Running develop.py does not actually start a build (unless started as "./develop build"). To start a build, find your build directory (see above), change to it, then run make or load it into your IDE, and away you go!

Where's the built viewer?

The location of the newly built viewer depends on your platform.

Windows

On Windows, the built viewer ought to run from VS2005.

Mac OS X

On OS X, your viewer build will be here by default:

build-darwin-universal/newview/RelWithDebInfo/Second Life.app

If you change the kind of build you use, the intermediate directory will also change, e.g. from RelWithDebInfo to Release.

Linux

On Linux, your build will be here:

viewer-linux-ARCH-BUILD/newview/packaged

...where "ARCH" is something like "i686" or "x86_64" (depending on your platform), and "BUILD" depends on which debug level you chose.

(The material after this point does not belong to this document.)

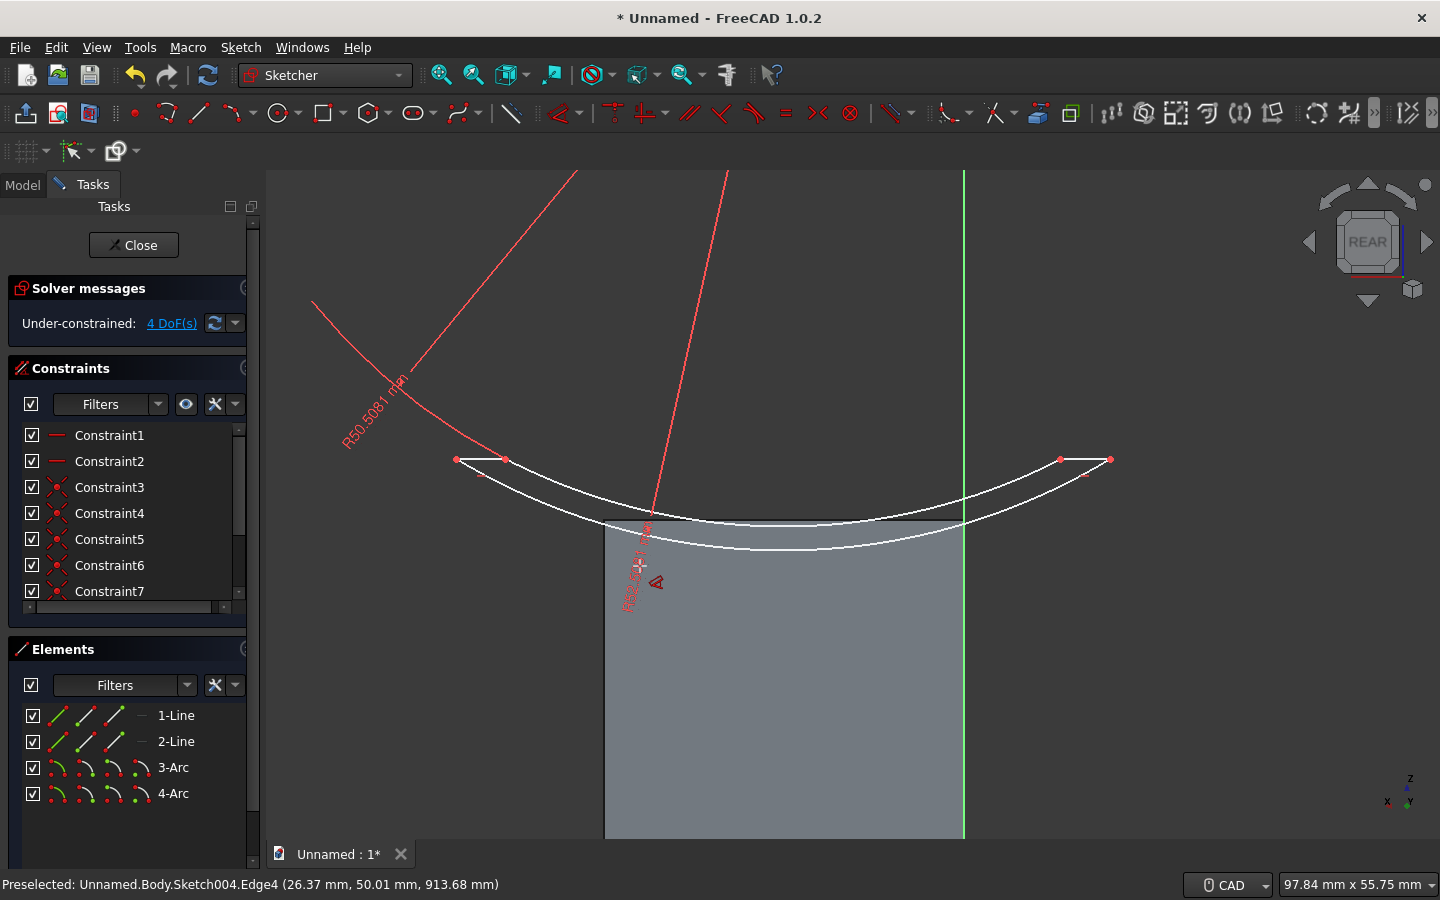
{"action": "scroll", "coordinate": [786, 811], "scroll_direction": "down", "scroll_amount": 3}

Prebuilt libraries vs. standalone builds

While many users will want to use the prebuilt libraries that we provide, we're also interested in making life as easy as possible for packagers who want to use their platform's native libraries.

If you run ccmake, you should see a STANDALONE option that determines whether the build will use your system's libraries or our prepackaged ones. Flipping this to ON should be all you need to do to perform a packager-friendly build.

For standalone builds, we'd really like to beef up the checks for system libraries so that for example cmake will fail if a required library (such as OpenJPEG) isn't installed. We welcome all patches that help out with this.

  • TODO : "How to configure a standalone source code tree." (probably as a link to a new page, as this is a significantly involved task and will break up the flow of this document).
  • cmake-SL: a script for standalone, pre-built and mixed libraries viewer builds under Linux.